=== Material for the task ===
'''

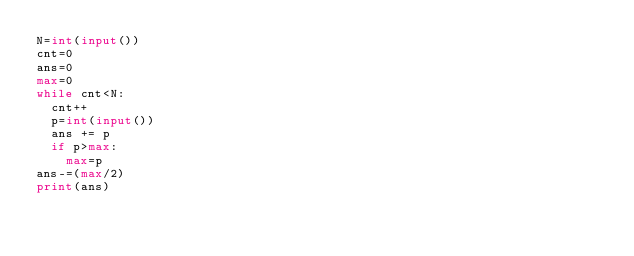<code> <loc_0><loc_0><loc_500><loc_500><_Python_>N=int(input())
cnt=0
ans=0
max=0
while cnt<N:
  cnt++
  p=int(input())
  ans += p
  if p>max:
    max=p
ans-=(max/2)
print(ans)</code>

'''

=== What you should do ===
Output the data exactly, pictures omitted.

=== Finished exercise ===
<code> <loc_0><loc_0><loc_500><loc_500><_Python_>N=int(input())
cnt=0
ans=0
max=0
while cnt<N:
  cnt++
  p=int(input())
  ans += p
  if p>max:
    max=p
ans-=(max/2)
print(ans)</code>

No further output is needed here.